Items from a dataset:
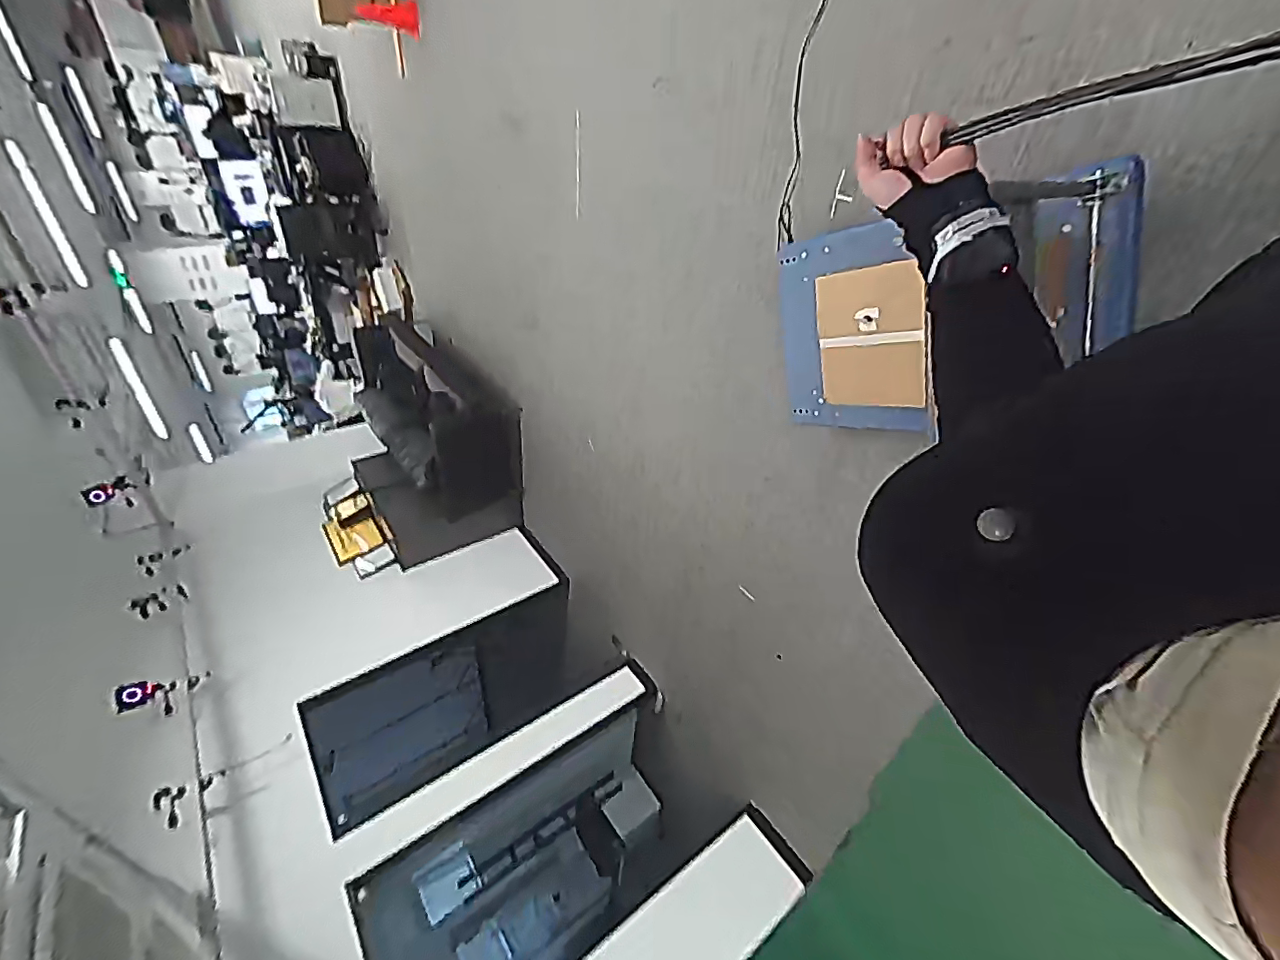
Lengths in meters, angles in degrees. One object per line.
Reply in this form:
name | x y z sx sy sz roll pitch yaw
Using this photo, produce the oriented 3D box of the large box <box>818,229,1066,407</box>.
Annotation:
large box | 0.684 -0.359 1.245 0.408 0.320 0.320 14 118 54

» **REQUIREMENT**
Would you copy out every line in the records that includes the string "this"?

» **ANSWER BOX**
Reply in this form:
Using this photo, produce the oriented 3D box of the large box <box>818,229,1066,407</box>.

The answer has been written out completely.